About 10 days before the birth on a Monday (and 8 before due date), I had my first, "this could be it" evening, with intensifying contractions. And once I called around for childcare back-up they stopped. That is the way of babies.
When I had my 39 week exam on Wednesday, I let the doctor check my dilation and I was 3 cm, which is not too bad a week before the due date. But the baby's head was not engaging. Dr. M gave me some exercises to help the head descend, but no matter how often I did them, head stayed up. After the exam, I had another several hours of increasingly painful contractions, and reluctantly sent M to teach the first of his summer night classes. He was teaching for six weeks on Mondays and Wednesdays, and was gone from 4-10pm both of those nights.
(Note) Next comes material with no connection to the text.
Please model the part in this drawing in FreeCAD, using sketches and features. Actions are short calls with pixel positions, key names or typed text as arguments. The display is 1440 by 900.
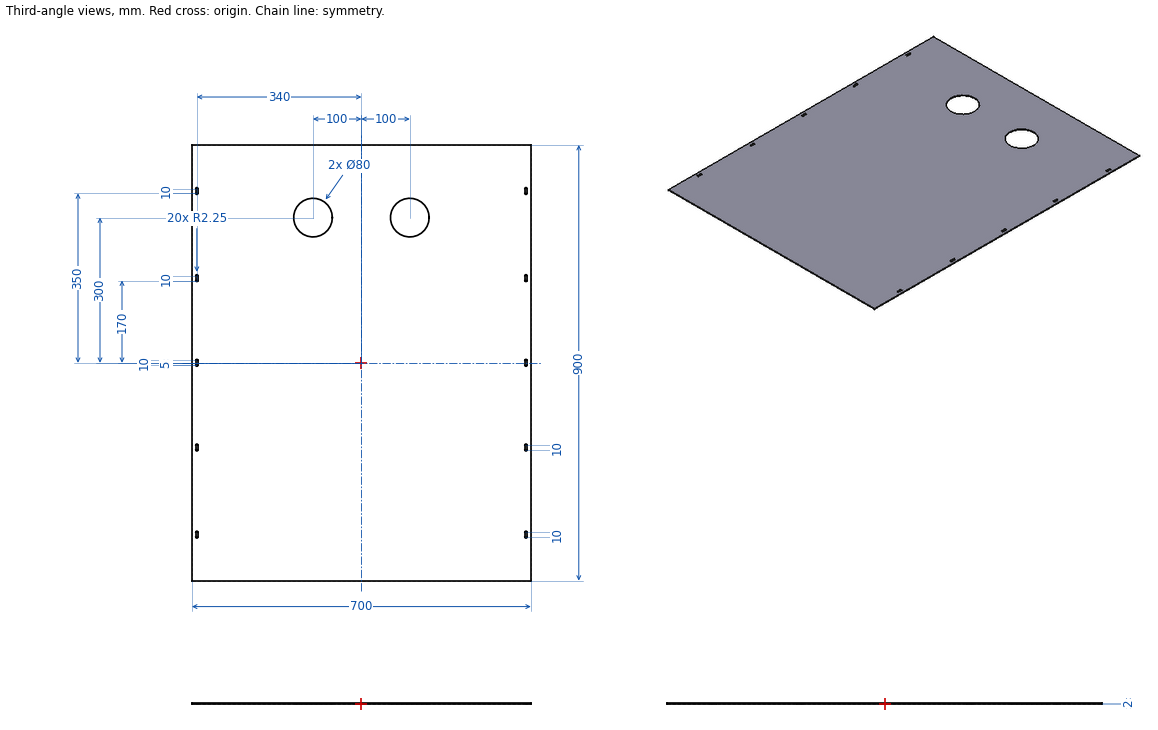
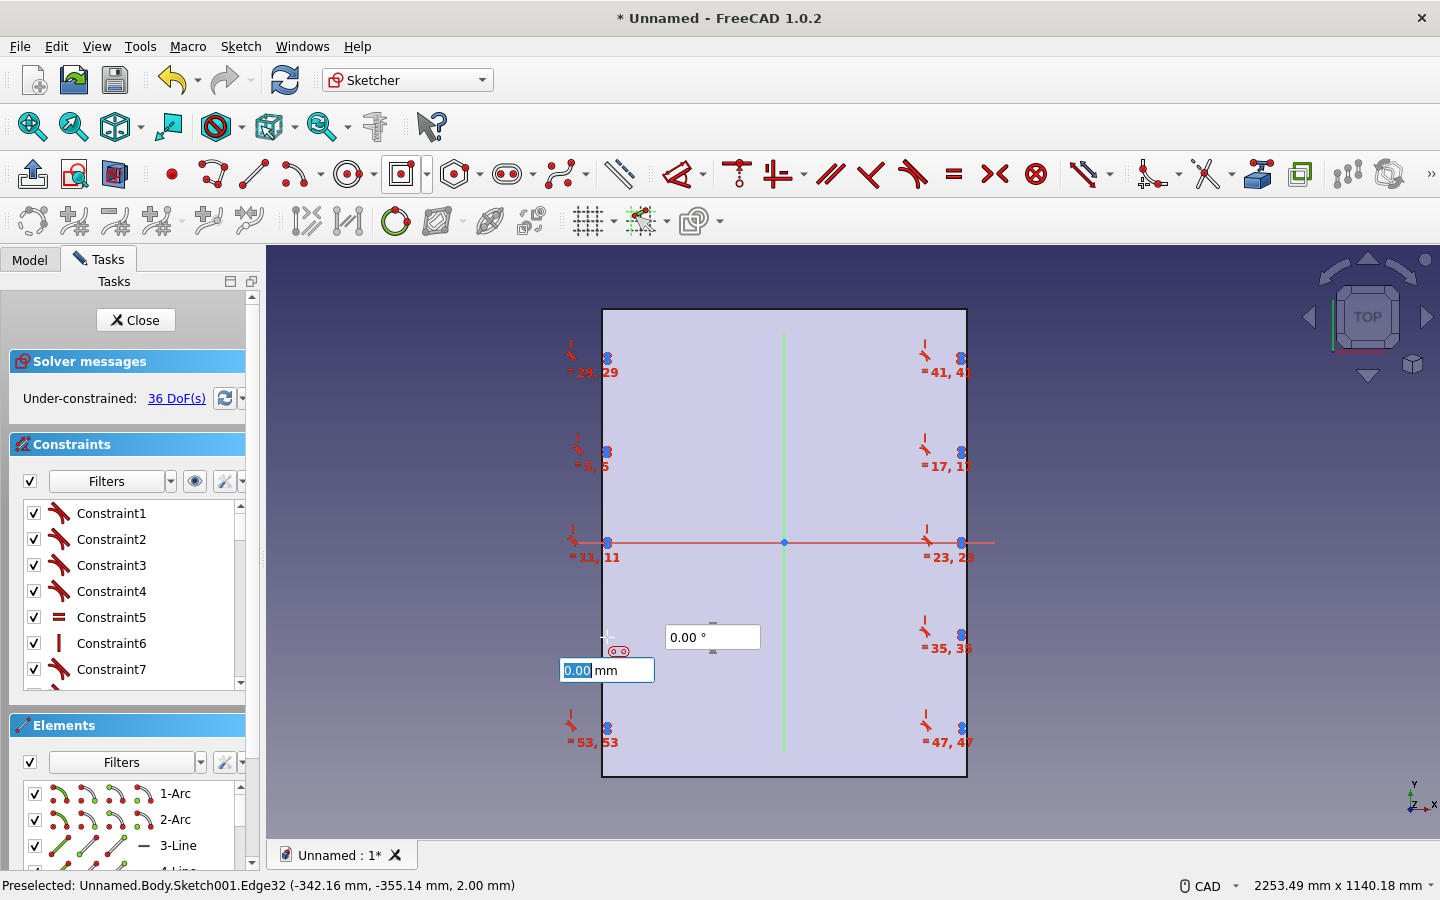
scroll(607, 632, up, 6)

My mother's helper was coming that night to feel out the routine before baby came, so I figured if it was labor, at least she would be here already. But contractions stopped again after about 3 hours.
Again on Friday, I had 3 more hours of painful contractions, which stopped as soon as we sat down to wait them out through a movie. And during all of these episodes of pre-labor, I would text my parents and ask them to pray that the contractions would stop if this was not labor or be very clearly labor if it was. So, we got what we prayed for each time.
Things settled down, and I even made it past my Tuesday due date to my 40 week appointment on Wednesday. I had not dilated beyond 3 cm AT ALL, and Dr. M could not even feel the baby's head. She got worried that the baby had flipped. So, she brought me into the ultrasound room to find the baby's head, and when she could not find it (I guess it is hard to find a head on a huge overdue baby), I started mentally preparing for a C-section delivery.
After a few more minutes of searching, she called in the tech, who, much to my relief, found the head down in my pelvis right away.
I then questioned Dr. M about 10 times to be assured that even though there was no head engagement whatsoever, I could still go into labor whenever. She explained that when it is not your first delivery, engagement sometimes does not happen until active labor anyway, and for this baby that ended up being the case.
Oh and the other funny thing about that appointment was that I had gained 4 pounds in one week, and everyone said that I was still "all baby." I blame the donuts I consumed that week and the "due date" cake I baked for the baby. I figured that if he was not going to come on the due date, then I could at least have chocolate cake. I started to wonder if I was going to have a huge baby.
That evening was another Wednesday night with M teaching, but I decided to let my mother's helper have a night off. I just had a feeling that it was important for me to have a night with just me and the girls. We had a nice evening, and I savored those last few hours with them and no baby. I guess I had a feeling things might happen soon.
My parents have started calling it the Spencer Way and my close friend in St. Paul does not understand how we do it, but we work hard to have morning to pre-dinner time labors. We also really wanted the baby to come on a Thursday, so that M would not have to teach for as a long as possible (until Monday).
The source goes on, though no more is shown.